** To do **
Every line below should come back exactly as written, though the pictures stay out.

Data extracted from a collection

+++

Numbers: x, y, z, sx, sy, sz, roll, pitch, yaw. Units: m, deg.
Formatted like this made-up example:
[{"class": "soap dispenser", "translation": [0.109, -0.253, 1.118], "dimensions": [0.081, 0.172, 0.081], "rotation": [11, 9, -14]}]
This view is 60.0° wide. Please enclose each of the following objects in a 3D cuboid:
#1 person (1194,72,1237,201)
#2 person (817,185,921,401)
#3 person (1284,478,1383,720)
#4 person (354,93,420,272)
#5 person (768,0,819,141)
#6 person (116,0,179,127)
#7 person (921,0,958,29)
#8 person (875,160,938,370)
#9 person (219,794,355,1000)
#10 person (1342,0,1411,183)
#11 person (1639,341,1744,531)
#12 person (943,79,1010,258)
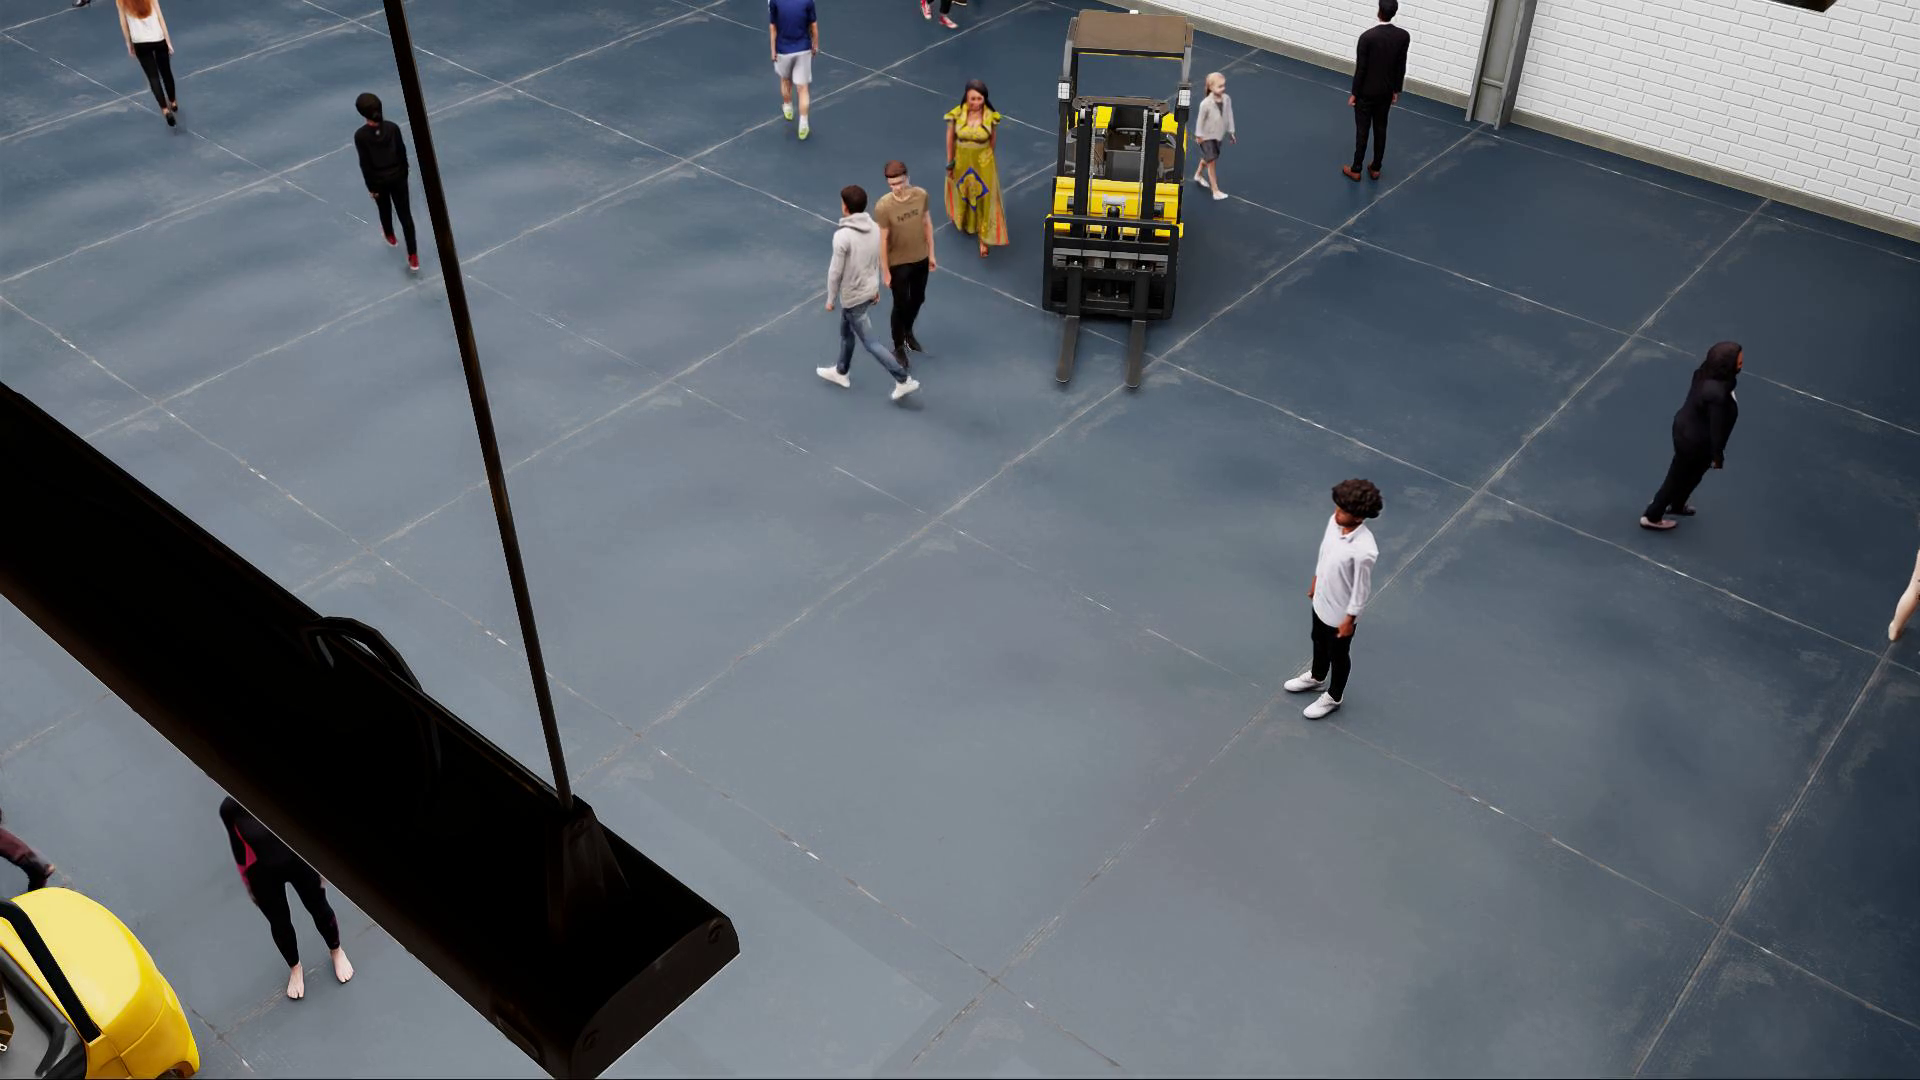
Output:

+++

** Answer section **
Numbers: x, y, z, sx, sy, sz, roll, pitch, yaw. Units: m, deg.
Formatted like this made-up example:
[{"class": "soap dispenser", "translation": [0.109, -0.253, 1.118], "dimensions": [0.081, 0.172, 0.081], "rotation": [11, 9, -14]}]
This view is 60.0° wide. Please enclose each of the following objects in a 3D cuboid:
#1 person (1194,72,1237,201)
#2 person (817,185,921,401)
#3 person (1284,478,1383,720)
#4 person (354,93,420,272)
#5 person (768,0,819,141)
#6 person (116,0,179,127)
#7 person (921,0,958,29)
#8 person (875,160,938,370)
#9 person (219,794,355,1000)
#10 person (1342,0,1411,183)
#11 person (1639,341,1744,531)
#12 person (943,79,1010,258)
Output:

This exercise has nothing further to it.